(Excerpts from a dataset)
[Start of section]

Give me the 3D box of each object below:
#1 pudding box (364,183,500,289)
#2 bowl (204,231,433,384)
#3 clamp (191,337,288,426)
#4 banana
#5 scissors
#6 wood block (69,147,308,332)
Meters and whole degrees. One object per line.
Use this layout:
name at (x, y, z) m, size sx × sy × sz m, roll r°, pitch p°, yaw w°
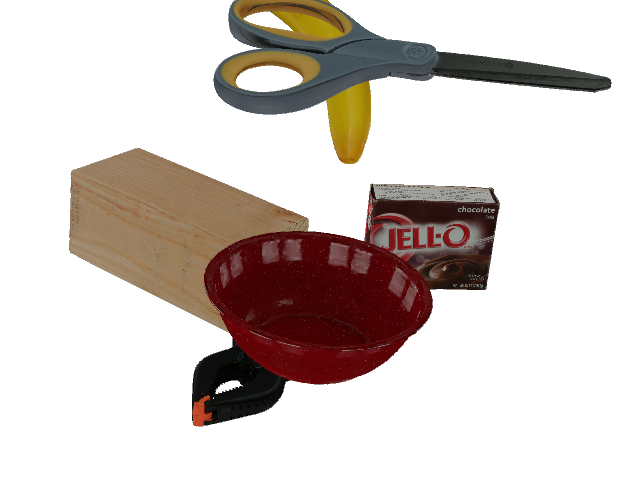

[End of section]

◆ What you should do
Reproduce each line of the records in which the word "object" appears.

◆ Response to this exercise
Give me the 3D box of each object below:
Meters and whole degrees. One object per line.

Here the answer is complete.